Gabyshev began his odyssey in March, promising to walk more than 8,000 kilometers (4,970 miles) from his native Yakutia region to the Russian capital. To meet his goal of reaching Moscow by August 2021, Gabyshev walked 20 kilometers each day. With him, he towed an aluminum cart holding all his possessions, including a portable yurt, a stove, clothes and provisions. He stopped in towns and cities along the way, giving sermons and meeting with local opposition activists with the goal of inspiring a nationwide democratic movement. Chronicles of his journey, which take the form of short video addresses from roadside campsites and short exchanges with passing drivers and long-distance truckers, have won Gabyshev a huge following in Russia. As the shaman has gained more sympathizers, he has become something of an opposition politician.

But police in Buryatia said on Thursday they had arrested Gabyshev on a highway in Siberia in connection with an unspecified crime in Yakutia and that they would fly him there. Gabyshev had walked nearly 3,000 kilometers by Thursday. When asked about Gabyshev's arrest, the Kremlin said it was impossible to keep track of all the criminal cases in Russia.

Amnesty International condemned the arrest in eastern Siberia. "The shaman's actions may be eccentric, but the Russian authorities' response is grotesque. Alexander Gabyshev should be free to express his political views and exercise his religion just like anyone else," Amnesty's Russia Director Natalia Zviagina said in a statement.
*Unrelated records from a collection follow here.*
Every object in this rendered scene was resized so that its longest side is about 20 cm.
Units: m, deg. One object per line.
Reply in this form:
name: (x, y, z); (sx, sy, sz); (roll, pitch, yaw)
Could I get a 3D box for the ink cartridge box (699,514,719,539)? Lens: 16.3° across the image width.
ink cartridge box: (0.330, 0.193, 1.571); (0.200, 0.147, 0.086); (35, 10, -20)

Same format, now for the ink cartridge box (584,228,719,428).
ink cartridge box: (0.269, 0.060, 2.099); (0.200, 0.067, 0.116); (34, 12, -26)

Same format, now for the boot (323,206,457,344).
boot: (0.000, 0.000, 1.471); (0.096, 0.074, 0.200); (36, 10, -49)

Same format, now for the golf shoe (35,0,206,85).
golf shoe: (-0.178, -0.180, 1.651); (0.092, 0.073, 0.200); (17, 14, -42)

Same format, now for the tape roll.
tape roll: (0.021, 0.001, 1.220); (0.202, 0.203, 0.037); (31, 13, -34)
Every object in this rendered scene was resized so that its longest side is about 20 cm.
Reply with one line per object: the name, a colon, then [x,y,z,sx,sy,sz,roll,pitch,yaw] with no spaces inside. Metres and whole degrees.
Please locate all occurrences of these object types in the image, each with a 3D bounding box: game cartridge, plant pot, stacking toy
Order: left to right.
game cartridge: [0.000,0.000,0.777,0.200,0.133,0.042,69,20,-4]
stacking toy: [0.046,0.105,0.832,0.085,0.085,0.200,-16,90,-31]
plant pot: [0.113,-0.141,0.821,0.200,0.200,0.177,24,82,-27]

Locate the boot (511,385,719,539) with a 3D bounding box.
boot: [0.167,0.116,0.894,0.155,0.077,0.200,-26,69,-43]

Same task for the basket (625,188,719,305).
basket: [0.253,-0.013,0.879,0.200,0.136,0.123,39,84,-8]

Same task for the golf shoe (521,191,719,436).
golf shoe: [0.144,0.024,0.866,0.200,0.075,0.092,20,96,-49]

Sunday, September 15, 2019

American Indian Perspectivism

Now that the age during which all human civilization developed is ending, it might be time to pay more attention to the experience of those whose world has already ended: indigenous peoples. Depending on how you count them, there may be up to three hundred million indigenous people still on the planet. Most are survivors of colonialism. The genocide of the indigenous peoples of the Americas was the beginning of the modern world for Europeans, but the former remain as veritable end of the world experts. Models for restoring our relationship with the Earth exist in the cultures of indigenous peoples, whose values and skills have enabled them to survive centuries of invasion and exploitation.

Establishing a relation to indigenous thought and practice is no simple task. Not only do we have different views, understandings, perceptions and cultures that see the world in different ways, we inhabit very different worlds. American Indian conceptions are grounded in perspectivism, a concept originally coined by the Brazilian anthropologist Eduardo Viveiros de Castro. Perspectivism, according to Viveiros de Castro, is the philosophical view that there are many different world views depending on an individual's particular perspective. Put another way, every entity views every entity and event from an orientation peculiar to itself. Perspectivism holds that only one spirit exists in everything. It implies that everything is alive, sentient and shares a common spiritual essence.
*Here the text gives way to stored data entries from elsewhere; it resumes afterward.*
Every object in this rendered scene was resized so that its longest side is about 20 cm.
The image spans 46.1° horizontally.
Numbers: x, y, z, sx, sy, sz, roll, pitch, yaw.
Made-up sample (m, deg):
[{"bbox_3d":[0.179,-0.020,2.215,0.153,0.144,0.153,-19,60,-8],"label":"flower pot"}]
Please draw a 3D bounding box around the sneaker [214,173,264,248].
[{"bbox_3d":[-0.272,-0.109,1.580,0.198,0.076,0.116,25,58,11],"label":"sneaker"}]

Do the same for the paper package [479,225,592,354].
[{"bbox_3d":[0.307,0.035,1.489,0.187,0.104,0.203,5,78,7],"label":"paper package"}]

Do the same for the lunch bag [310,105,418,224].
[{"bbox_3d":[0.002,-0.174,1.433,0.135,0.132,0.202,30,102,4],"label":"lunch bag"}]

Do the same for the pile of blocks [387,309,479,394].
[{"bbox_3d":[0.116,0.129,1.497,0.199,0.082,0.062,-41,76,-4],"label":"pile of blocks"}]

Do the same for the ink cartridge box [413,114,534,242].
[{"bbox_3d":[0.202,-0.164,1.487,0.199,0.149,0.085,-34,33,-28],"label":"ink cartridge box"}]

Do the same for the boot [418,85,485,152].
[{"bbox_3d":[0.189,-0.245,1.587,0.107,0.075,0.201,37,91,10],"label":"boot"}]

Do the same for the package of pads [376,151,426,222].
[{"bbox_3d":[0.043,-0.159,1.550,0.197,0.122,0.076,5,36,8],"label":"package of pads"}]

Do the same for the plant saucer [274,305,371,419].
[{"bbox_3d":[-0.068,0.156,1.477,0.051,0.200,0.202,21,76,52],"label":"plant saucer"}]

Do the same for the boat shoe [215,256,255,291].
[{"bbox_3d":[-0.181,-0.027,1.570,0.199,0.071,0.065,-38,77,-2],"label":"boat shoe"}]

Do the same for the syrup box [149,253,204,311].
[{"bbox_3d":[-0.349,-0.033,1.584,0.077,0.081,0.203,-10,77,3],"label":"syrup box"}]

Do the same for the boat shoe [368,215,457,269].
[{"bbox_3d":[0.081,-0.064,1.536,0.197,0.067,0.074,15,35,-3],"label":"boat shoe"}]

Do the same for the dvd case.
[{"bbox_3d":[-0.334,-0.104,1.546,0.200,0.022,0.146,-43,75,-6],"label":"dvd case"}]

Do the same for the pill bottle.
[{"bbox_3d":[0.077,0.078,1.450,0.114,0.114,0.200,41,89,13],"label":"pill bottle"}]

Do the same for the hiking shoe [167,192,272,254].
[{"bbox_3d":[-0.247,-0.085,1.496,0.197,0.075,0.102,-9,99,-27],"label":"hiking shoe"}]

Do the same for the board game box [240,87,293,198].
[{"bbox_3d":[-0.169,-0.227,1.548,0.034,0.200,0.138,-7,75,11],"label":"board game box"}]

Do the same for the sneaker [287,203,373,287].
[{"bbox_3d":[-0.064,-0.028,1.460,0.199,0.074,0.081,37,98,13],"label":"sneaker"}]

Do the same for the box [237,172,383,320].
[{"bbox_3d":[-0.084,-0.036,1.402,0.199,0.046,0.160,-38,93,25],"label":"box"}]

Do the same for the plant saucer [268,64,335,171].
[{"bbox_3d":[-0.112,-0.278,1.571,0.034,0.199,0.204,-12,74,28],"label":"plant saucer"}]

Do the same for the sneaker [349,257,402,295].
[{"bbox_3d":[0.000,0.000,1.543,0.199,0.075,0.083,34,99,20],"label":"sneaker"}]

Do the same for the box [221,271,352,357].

Perspectivism assumes multinaturalism, which is the polar opposite of our multiculturalism. In multiculturalism, there is only one nature, but there can be many cultures, and it sets about studying, documenting and classifying them. By contrast, in multinaturalism, there is only one culture (spirit/soul) and multiple natures. From an American Indian point of view, there is no singular nature as such because perception is dependent on perspectives (humans perceive nature differently than animals, and animals perceive nature differently than spirits, and so on), yet none of these natures is absolute and they are all just as valid.

Another way to view the difference is to put it like this: Westerners see themselves physically as animals and spiritually different; American Indians see themselves spiritually as animals and physically different. American Indians inhabit a radically different conceptual universe than ours where nature and culture, human and nonhuman, subject and object are conceived in terms that reverse our own. Every entity is conceived as having a soul -- intentionality and conscious perception -- like a human being.  Moreover, all beings perceive themselves as humans and other beings as animals. While viewed by humans as animals, animals and other beings regard themselves (their own species) as human and live in conditions similar to humans; that is, they have a social and cultural life similar to those who inhabit an American Indian village.

Jaguars, for example, are thought to see themselves as humans, to see humans as human prey like deer, and their own food as that of humans. Establishing an authentic relationship with other beings therefore requires adopting their perspectives, as shamans do when they shapeshift into animals. Shamans will shapeshift into an animal so as to see the world through their eyes and to feel what they feel. Shamanism is a practice of defying the limits of human perspective, crossing borders into the social worlds of other species, administering relations between natures. Essentially, the shaman is a diplomat who creates a dialogue with other beings. As Viveiros de Castro puts it, "By seeing nonhuman beings as they see themselves (again as humans), shamans become capable of playing the role of active interlocutors in the trans-specific dialogue and, even more importantly, of returning from their travels to recount them; something the 'laity' can only do with difficulty." (1)

Shapeshifting is more than just transforming into an animal as is often depicted in shamanic accounts and tales. It is the art of shifting our old, entrenched thought patterns and perspectives in order to transform ourselves, both as individuals and communities. The purpose of shapeshifting is to develop new thought and behavior patterns in order to change the world. With all that is happening in the world today, it is good for us to get out of our own comfort zones in order to broaden our perspectives, to learn from and about others, to interact with the world differently, to see it with new eyes. By changing the way we perceive ourselves and the world around us, we shapeshift our reality.

1. Eduardo Viveiros de Castro, Cannibal Metaphysics (Univocal Publishing, 2014) p. 60.